A transplant surgeon discusses the pioneers, science, and ethical challenges of organ transplantation as well as the ways that organ transplants have revolutionized medical care, offering the stories of his own patients.
Although the formal organization of When Death Becomes Life begins with the history of transplantation and then shifts to stories of individual patient experiences, the effect is that readers are first introduced to the endeavor’s scientific hurdles and then to its ethical quandaries ... In narrating the history, Mezrich renders a century of technical innovations as gripping as any gumshoe potboiler by Raymond Chandler or Dashiell Hammett ... To his credit, Mezrich approaches these pioneers [of transplantation] with reverence, but also with a dispassionate eye. He is quick to call out conduct that strikes him as unseemly or even unethical ... Into these patient narratives, Mezrich masterfully weaves many of the most unsettling ethical questions surrounding modern transplantation ... The volume is also striking for its resounding eloquence, all the more remarkable for a physician writing a first book.

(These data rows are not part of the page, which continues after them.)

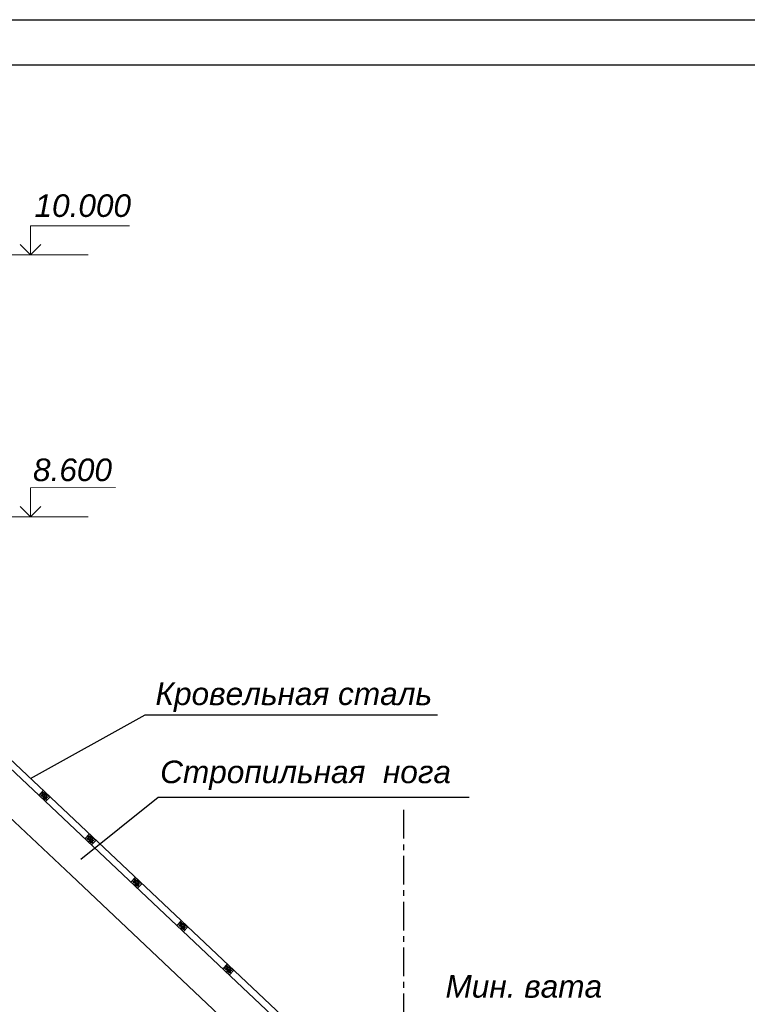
# Model space of a CAD drawing. Header units: millimetres. Extents: x 84778 to 227326, y -44398 to 146312.
# Tile 62 of 67: x 200403 to 208455, y 4098 to 15002. Entities that reach past the tile are written whole.
import ezdxf

# ---------------------------------------------------------------- set-up
doc = ezdxf.new("R2010")
doc.units = ezdxf.units.MM
doc.header["$LTSCALE"] = 10
doc.linetypes.add('CENTER', pattern=[50.8, 31.75, -6.35, 6.35, -6.35])
doc.linetypes.add('DASHED', pattern=[19.05, 12.7, -6.35])
for name, color, linetype in [('Осевая', 7, 'CENTER'), ('Размерная', 7, 'Continuous'), ('Штриховка', 7, 'DASHED')]:
    doc.layers.add(name, color=color, linetype=linetype)
doc.layers.add('Тонкая', color=7, linetype='Continuous', lineweight=25)
doc.styles.add('STIL 888', font='ARIALI.TTF')

msp = doc.modelspace()

# ---------------------------------------------------------------- linework, layer by layer
at = {"lineweight": 30}
for p, q in [((143226.4, 15002.5), (227326.4, 15002.5)), ((145226.4, 14502.5), (226826.4, 14502.5))]:
    msp.add_line(p, q, dxfattribs=at)
at = {"layer": 'Осевая'}
msp.add_line((204651.6, 6250), (204651.6, -15039.6), dxfattribs=at)
at = {"layer": 'Размерная', "linetype": 'ByBlock', "lineweight": 20}
for p, q in [((200522.7, 12398.4), (200522.7, 12718.4)), ((200522.7, 12718.4), (201617.4, 12718.4)), ((200409.6, 12511.5), (200522.7, 12398.4)), ((200635.9, 12511.5), (200522.7, 12398.4)), ((200522.7, 9816.7), (201462.1, 9822.9)), ((200522.7, 9496.7), (200522.7, 9816.7)), ((200409.6, 9609.8), (200522.7, 9496.7)), ((200635.9, 9609.8), (200522.7, 9496.7))]:
    msp.add_line(p, q, dxfattribs=at)
at = {"layer": 'Тонкая', "linetype": 'ByBlock', "lineweight": 0, "ltscale": 1000}
for p, q in [((199886.1, 12398.4), (201159.3, 12398.4)), ((199886.1, 9496.7), (201159.3, 9496.7))]:
    msp.add_line(p, q, dxfattribs=at)
at = {"layer": 'Тонкая', "lineweight": 30, "ltscale": 50}
msp.add_line((206211.6, 1231.2), (197451.6, 9498.6), dxfattribs=at)
at = {"layer": 'Тонкая', "ltscale": 50}
for p, q in [((205994.8, 1335.8), (197451.6, 9398.6)), ((205753.8, 1663.3), (197523.9, 9430.4)), ((200616.5, 6411.6), (200666.4, 6464.5)), ((200971.7, 5526.4), (200067.6, 6379.7)), ((200689.2, 6343), (200739.2, 6395.9)), ((201125.2, 5931.6), (201175.1, 5984.5)), ((201197.9, 5863), (201247.8, 5915.8)), ((204251.6, 2431), (200971.7, 5526.4)), ((201633.8, 5451.5), (201683.7, 5504.4)), ((201706.5, 5382.9), (201756.5, 5435.8)), ((202142.5, 4971.5), (202192.4, 5024.4)), ((202215.2, 4902.9), (202265.1, 4955.8)), ((202651.1, 4491.5), (202701, 4544.4)), ((202723.8, 4422.8), (202773.7, 4475.7))]:
    msp.add_line(p, q, dxfattribs=at)
at = {"layer": 'Тонкая', "ltscale": 1000}
for points in [[(200523, 6599.9), (201791.8, 7303.9), (205027.9, 7303.9)], [(201078.2, 5704.8), (201935.9, 6391.7), (205375.2, 6391.7)]]:
    msp.add_lwpolyline(points, dxfattribs=at)
at = {"layer": 'Штриховка', "linetype": 'Continuous', "ltscale": 1000}
for p, q in [((200651.2, 6436.5), (200651.2, 6417.5)), ((200651.9, 6436.5), (200660.7, 6440.2)), ((200660.7, 6440.2), (200679.1, 6434.3)), ((200665.1, 6447.6), (200668.8, 6416.7)), ((200679.1, 6434.3), (200690.8, 6428.5)), ((200686.4, 6438.7), (200689.4, 6425.5)), ((200636.5, 6413), (200643.8, 6418.9)), ((200643.8, 6418.9), (200673.2, 6425.5)), ((200645.3, 6403.5), (200654.1, 6407.2)), ((200651.2, 6417.5), (200663.7, 6393.2)), ((200654.1, 6407.2), (200676.1, 6405.7)), ((200657, 6383.7), (200670.3, 6380)), ((200661.4, 6394.7), (200678.3, 6392.5)), ((200663.7, 6393.2), (200672.5, 6377.8)), ((200668.8, 6416.7), (200674.7, 6399.1)), ((200670.3, 6380), (200687.2, 6377.8)), ((200672.5, 6377.8), (200676.1, 6368.3)), ((200673.2, 6425.5), (200689.4, 6418.2)), ((200674.7, 6399.1), (200678.3, 6378.5)), ((200676.1, 6405.7), (200696.7, 6400.6)), ((200678.3, 6392.5), (200702.6, 6384.4)), ((200678.3, 6378.5), (200682.8, 6369.7)), ((200682.8, 6369.7), (200687.2, 6362.4)), ((200687.2, 6377.8), (200704.8, 6375.6)), ((200689.4, 6425.5), (200693, 6408.6)), ((200689.4, 6418.2), (200704.8, 6411.6)), ((200690.8, 6428.5), (200698.9, 6421.9)), ((200693, 6408.6), (200696, 6385.1)), ((200696, 6385.1), (200696, 6373.4)), ((200696, 6373.4), (200696.7, 6365.3)), ((200696.7, 6400.6), (200714.4, 6391.8)), ((200698.9, 6421.9), (200709.2, 6416)), ((200709.2, 6416), (200712.9, 6410.8)), ((200712.9, 6410.8), (200725.4, 6403.5)), ((201145.1, 5933), (201152.5, 5938.9)), ((201152.5, 5938.9), (201181.9, 5945.5)), ((201153.9, 5923.5), (201162.7, 5927.1)), ((201159.8, 5956.5), (201159.8, 5937.4)), ((201159.8, 5937.4), (201172.3, 5913.2)), ((201160.5, 5956.5), (201169.4, 5960.2)), ((201162.7, 5927.1), (201184.8, 5925.7)), ((201165.7, 5903.6), (201178.9, 5900)), ((201169.4, 5960.2), (201187.7, 5954.3)), ((201170.1, 5914.6), (201187, 5912.4)), ((201172.3, 5913.2), (201181.1, 5897.8)), ((201173.8, 5967.5), (201177.4, 5936.7)), ((201177.4, 5936.7), (201183.3, 5919.1)), ((201178.9, 5900), (201195.8, 5897.8)), ((201181.1, 5897.8), (201184.8, 5888.2)), ((201181.9, 5945.5), (201198, 5938.1)), ((201183.3, 5919.1), (201187, 5898.5)), ((201184.8, 5925.7), (201205.4, 5920.5)), ((201187, 5912.4), (201211.2, 5904.4)), ((201187, 5898.5), (201191.4, 5889.7)), ((201187.7, 5954.3), (201199.5, 5948.4)), ((201191.4, 5889.7), (201195.8, 5882.3)), ((201195.1, 5958.7), (201198, 5945.5)), ((201195.8, 5897.8), (201213.4, 5895.6)), ((201198, 5945.5), (201201.7, 5928.6)), ((201198, 5938.1), (201213.4, 5931.5)), ((201199.5, 5948.4), (201207.6, 5941.8)), ((201201.7, 5928.6), (201204.6, 5905.1)), ((201204.6, 5905.1), (201204.6, 5893.4)), ((201204.6, 5893.4), (201205.4, 5885.3)), ((201205.4, 5920.5), (201223, 5911.7)), ((201207.6, 5941.8), (201217.9, 5935.9)), ((201217.9, 5935.9), (201221.5, 5930.8)), ((201221.5, 5930.8), (201234, 5923.5)), ((201653.8, 5453), (201661.1, 5458.8)), ((201661.1, 5458.8), (201690.5, 5465.4)), ((201668.5, 5476.5), (201668.5, 5457.4)), ((201668.5, 5457.4), (201680.9, 5433.1)), ((201669.2, 5476.5), (201678, 5480.1)), ((201678, 5480.1), (201696.4, 5474.3)), ((201682.4, 5487.5), (201686.1, 5456.6)), ((201686.1, 5456.6), (201692, 5439)), ((201690.5, 5465.4), (201706.7, 5458.1)), ((201696.4, 5474.3), (201708.1, 5468.4)), ((201703.7, 5478.7), (201706.7, 5465.4)), ((201706.7, 5465.4), (201710.3, 5448.6)), ((201706.7, 5458.1), (201722.1, 5451.5)), ((201708.1, 5468.4), (201716.2, 5461.8)), ((201716.2, 5461.8), (201726.5, 5455.9)), ((201726.5, 5455.9), (201730.2, 5450.8)), ((201662.6, 5443.4), (201671.4, 5447.1)), ((201671.4, 5447.1), (201693.4, 5445.6)), ((201674.3, 5423.6), (201687.6, 5419.9)), ((201678.7, 5434.6), (201695.6, 5432.4)), ((201680.9, 5433.1), (201689.8, 5417.7)), ((201687.6, 5419.9), (201704.5, 5417.7)), ((201689.8, 5417.7), (201693.4, 5408.2)), ((201692, 5439), (201695.6, 5418.5)), ((201693.4, 5445.6), (201714, 5440.5)), ((201695.6, 5432.4), (201719.9, 5424.3)), ((201695.6, 5418.5), (201700.1, 5409.6)), ((201700.1, 5409.6), (201704.5, 5402.3)), ((201704.5, 5417.7), (201722.1, 5415.5)), ((201710.3, 5448.6), (201713.3, 5425.1)), ((201713.3, 5425.1), (201713.3, 5413.3)), ((201713.3, 5413.3), (201714, 5405.2)), ((201714, 5440.5), (201731.6, 5431.7)), ((201730.2, 5450.8), (201742.7, 5443.4)), ((202162.4, 4972.9), (202169.8, 4978.8)), ((202169.8, 4978.8), (202199.1, 4985.4)), ((202171.2, 4963.4), (202180, 4967)), ((202177.1, 4996.4), (202177.1, 4977.3)), ((202177.1, 4977.3), (202189.6, 4953.1)), ((202177.8, 4996.4), (202186.7, 5000.1)), ((202180, 4967), (202202.1, 4965.6)), ((202183, 4943.6), (202196.2, 4939.9)), ((202186.7, 5000.1), (202205, 4994.2)), ((202187.4, 4954.6), (202204.3, 4952.4)), ((202189.6, 4953.1), (202198.4, 4937.7)), ((202191.1, 5007.4), (202194.7, 4976.6)), ((202194.7, 4976.6), (202200.6, 4959)), ((202196.2, 4939.9), (202213.1, 4937.7)), ((202198.4, 4937.7), (202202.1, 4928.1)), ((202199.1, 4985.4), (202215.3, 4978.1)), ((202200.6, 4959), (202204.3, 4938.4)), ((202202.1, 4965.6), (202222.7, 4960.4)), ((202204.3, 4952.4), (202228.5, 4944.3)), ((202204.3, 4938.4), (202208.7, 4929.6)), ((202205, 4994.2), (202216.8, 4988.3)), ((202208.7, 4929.6), (202213.1, 4922.3)), ((202212.4, 4998.6), (202215.3, 4985.4)), ((202213.1, 4937.7), (202230.7, 4935.5)), ((202215.3, 4985.4), (202219, 4968.5)), ((202215.3, 4978.1), (202230.7, 4971.4)), ((202216.8, 4988.3), (202224.9, 4981.7)), ((202219, 4968.5), (202221.9, 4945)), ((202221.9, 4945), (202221.9, 4933.3)), ((202221.9, 4933.3), (202222.7, 4925.2)), ((202222.7, 4960.4), (202240.3, 4951.6)), ((202224.9, 4981.7), (202235.2, 4975.9)), ((202235.2, 4975.9), (202238.8, 4970.7)), ((202238.8, 4970.7), (202251.3, 4963.4)), ((202671.1, 4492.9), (202678.4, 4498.7)), ((202678.4, 4498.7), (202707.8, 4505.4)), ((202679.9, 4483.3), (202688.7, 4487)), ((202685.7, 4516.4), (202685.7, 4497.3)), ((202685.7, 4497.3), (202698.2, 4473.1)), ((202686.5, 4516.4), (202695.3, 4520)), ((202688.7, 4487), (202710.7, 4485.5)), ((202695.3, 4520), (202713.7, 4514.2)), ((202696, 4474.5), (202712.9, 4472.3)), ((202698.2, 4473.1), (202707.1, 4457.6)), ((202699.7, 4527.4), (202703.4, 4496.5)), ((202703.4, 4496.5), (202709.3, 4478.9)), ((202707.8, 4505.4), (202724, 4498)), ((202709.3, 4478.9), (202712.9, 4458.4)), ((202710.7, 4485.5), (202731.3, 4480.4)), ((202712.9, 4472.3), (202737.2, 4464.2)), ((202713.7, 4514.2), (202725.4, 4508.3)), ((202721, 4518.6), (202724, 4505.4)), ((202724, 4505.4), (202727.6, 4488.5)), ((202724, 4498), (202739.4, 4491.4)), ((202725.4, 4508.3), (202733.5, 4501.7)), ((202727.6, 4488.5), (202730.6, 4465)), ((202731.3, 4480.4), (202748.9, 4471.6)), ((202733.5, 4501.7), (202743.8, 4495.8)), ((202743.8, 4495.8), (202747.5, 4490.7)), ((202747.5, 4490.7), (202760, 4483.3)), ((202691.6, 4463.5), (202704.9, 4459.8)), ((202704.9, 4459.8), (202721.8, 4457.6)), ((202707.1, 4457.6), (202710.7, 4448.1)), ((202712.9, 4458.4), (202717.3, 4449.6)), ((202717.3, 4449.6), (202721.8, 4442.2)), ((202721.8, 4457.6), (202739.4, 4455.4)), ((202730.6, 4465), (202730.6, 4453.2)), ((202730.6, 4453.2), (202731.3, 4445.2))]:
    msp.add_line(p, q, dxfattribs=at)

# ---------------------------------------------------------------- texts
at = {"layer": 'Размерная', "linetype": 'ByBlock', "ltscale": 50, "style": 'STIL 888'}
for s, p in [('10.000', (200566.9, 12818.2)), ('8.600', (200550.5, 9892.1))]:
    msp.add_text(s, height=250, dxfattribs=at).set_placement(p)
at = {"layer": 'Тонкая', "linetype": 'Continuous', "lineweight": 0, "ltscale": 1000, "style": 'STIL 888'}
for s, p in [('Кровельная сталь', (201905, 7411.9)), ('Стропильная  нога', (201957.4, 6546.8)), ('Мин. вата', (205114.9, 4171.5))]:
    msp.add_text(s, height=250, dxfattribs=at).set_placement(p)

doc.saveas('drawing.dxf')

Mezrich, who tells jokes and plays Tupac in the operating room, walks readers through procedures step by gory step ... Readers will quickly become acquainted with medical terms...but the technical language is balanced by thrilling accounts of medical discoveries and the author's own surgeries. In writing about his life-saving career, Mezrich is both casual...and reverent ... He recognizes the great responsibility surgeons have and takes care to show the humanity in each patient, both organ donor and recipient.
Dr. Mezrich’s book braids unflinching medical history with frank clinical memoir ... Dr. Mezrich is at his best in explaining—sometimes with deep reservations—why different organs have different rules and ethical norms.